Comparing Shapley Values with Data Market Valuation

The Shapley value is an idea from Game theory which attempts to fairly distribute the surplus generated by a coalition of actors. It attempts to fairly estimate the contribution of each player to the coalition and provide a payoff proportion to this contribution. What does this mean mathematically? Let’s suppose that N actors are participating in a system. Suppose in addition that there exists a utility function U: 2^N \to \mathbb{R} that captures the value created by any subset of actors.

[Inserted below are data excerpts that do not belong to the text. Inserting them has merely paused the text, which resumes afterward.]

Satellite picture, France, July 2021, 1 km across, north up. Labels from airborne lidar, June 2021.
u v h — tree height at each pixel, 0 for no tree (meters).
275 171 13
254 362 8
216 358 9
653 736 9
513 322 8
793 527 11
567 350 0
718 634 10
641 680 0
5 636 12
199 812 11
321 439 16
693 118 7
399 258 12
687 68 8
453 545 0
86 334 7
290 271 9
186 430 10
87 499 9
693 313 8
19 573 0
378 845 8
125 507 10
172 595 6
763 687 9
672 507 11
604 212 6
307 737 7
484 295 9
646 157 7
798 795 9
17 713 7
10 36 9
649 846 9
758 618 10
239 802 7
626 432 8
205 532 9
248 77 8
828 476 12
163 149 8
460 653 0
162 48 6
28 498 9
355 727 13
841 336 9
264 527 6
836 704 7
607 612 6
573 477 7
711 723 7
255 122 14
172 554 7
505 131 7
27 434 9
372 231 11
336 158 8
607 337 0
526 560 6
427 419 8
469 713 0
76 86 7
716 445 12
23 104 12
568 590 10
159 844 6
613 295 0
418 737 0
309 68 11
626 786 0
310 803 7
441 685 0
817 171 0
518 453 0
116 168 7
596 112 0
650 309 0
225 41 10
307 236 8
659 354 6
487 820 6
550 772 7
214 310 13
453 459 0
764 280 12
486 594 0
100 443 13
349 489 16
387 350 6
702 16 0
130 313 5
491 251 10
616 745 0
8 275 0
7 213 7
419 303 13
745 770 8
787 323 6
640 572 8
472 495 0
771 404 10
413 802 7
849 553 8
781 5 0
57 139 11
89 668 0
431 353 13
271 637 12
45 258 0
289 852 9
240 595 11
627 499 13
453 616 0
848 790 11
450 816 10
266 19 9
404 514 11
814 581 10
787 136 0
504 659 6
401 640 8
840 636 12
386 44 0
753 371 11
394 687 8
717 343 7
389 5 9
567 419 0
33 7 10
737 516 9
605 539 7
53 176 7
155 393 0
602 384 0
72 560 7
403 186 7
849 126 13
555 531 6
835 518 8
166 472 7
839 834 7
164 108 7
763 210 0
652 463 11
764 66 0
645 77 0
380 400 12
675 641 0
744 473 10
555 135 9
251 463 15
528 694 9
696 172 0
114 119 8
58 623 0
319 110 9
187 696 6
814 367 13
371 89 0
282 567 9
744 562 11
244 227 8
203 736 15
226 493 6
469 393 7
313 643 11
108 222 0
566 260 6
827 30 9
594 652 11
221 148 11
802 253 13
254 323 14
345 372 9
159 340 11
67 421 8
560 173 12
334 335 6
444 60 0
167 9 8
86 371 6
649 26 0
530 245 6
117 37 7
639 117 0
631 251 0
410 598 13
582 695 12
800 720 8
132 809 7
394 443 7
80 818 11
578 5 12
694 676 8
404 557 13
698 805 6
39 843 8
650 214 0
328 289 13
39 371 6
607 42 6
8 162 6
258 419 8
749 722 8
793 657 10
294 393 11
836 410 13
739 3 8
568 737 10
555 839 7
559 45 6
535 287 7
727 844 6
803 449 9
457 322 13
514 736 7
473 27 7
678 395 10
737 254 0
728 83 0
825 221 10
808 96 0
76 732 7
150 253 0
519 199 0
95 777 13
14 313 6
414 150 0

Before we go further, let’s pause and quickly talk through the idea of the utility function. We are in essence assuming that there exists some function which is capable of capturing the economic outcomes that result from a subset of the actors working together to solve a game. For the case of data, each actor could be a listing \ell_i, and U(\{\ell_1,\dotsc,\ell_k\}) could be the total economic rewards that a market with these k listings accrues from buyers. Note that in practice, U is often not known. But the use of utility functions is a well established mathematical tool in economics (and AI).

We then define the Shapley value for the i-th actor as follows:

s_i = \sum_{S \subseteq N \setminus \{i\} } \frac{|S|!(N-|S| - 1)!}{N!} \left ( U(S \cup \{i\}) - U(S) \right )

This definition is hard to parse, so it might be easier to look at the interpretation

s_i = \frac{1}{\text{Number of Players}} \sum_{\text{coalitions excluding i}} \frac{\text{marginal contribution of }i\text{ to coalition}}{\text{Number of coalitions excluding }i\text{ of this size}}

Some recent work has attempted to use the Shapley value to solve the problem of data valuation. In this formulation, the utility function is assumed to be the model accuracy on the held-out test set. The main challenge faced in this context is that computing the Shapley value involves an exponentially large summation if done naively, so clever techniques need to be used to control the computational complexity of the summation. A straightforward approximate computation of the Shapley value would be to use random sampling to pick random terms in the summation out compute an estimate of the true Shapley value. By using some clever algorithmic tricks, the cost of computing the Shapley value for ML applications can be reduced considerably and brought down to a reasonable cost for moderately sized datasets.

One of the key limitations of this line of work however is the assumption that the utility function is test accuracy of a particular model trained on the dataset at hand. Consider the ImageNet dataset. This data has been used for hundreds or thousands of different tasks. Capturing the true utility created by the data is hard to categorize, especially since different data points could have contributed more or less to different downstream tasks. Similarly, for a data market, it isn’t reasonable to assume that the core data will be used for only one downstream ML task. The data from a data market may be used for training many different types of ML models or may feed into the construction of downstream derived datasets. It’s not clear how the true utility function can be meaningfully modeled for a data market. For this reason, we’ve chosen at present to use a simpler scheme based on usage rewards. This scheme is easy to implement within smart contracts, and has the advantage of not assuming a single downstream ML application.

At the same time, there might be clever ways that the true utility function for a data market could be modeled more accurately. If we could construct such approximate utility functions, it might then become interesting to consider alternative valuations based on Shapley values. At present though, this is left for future research.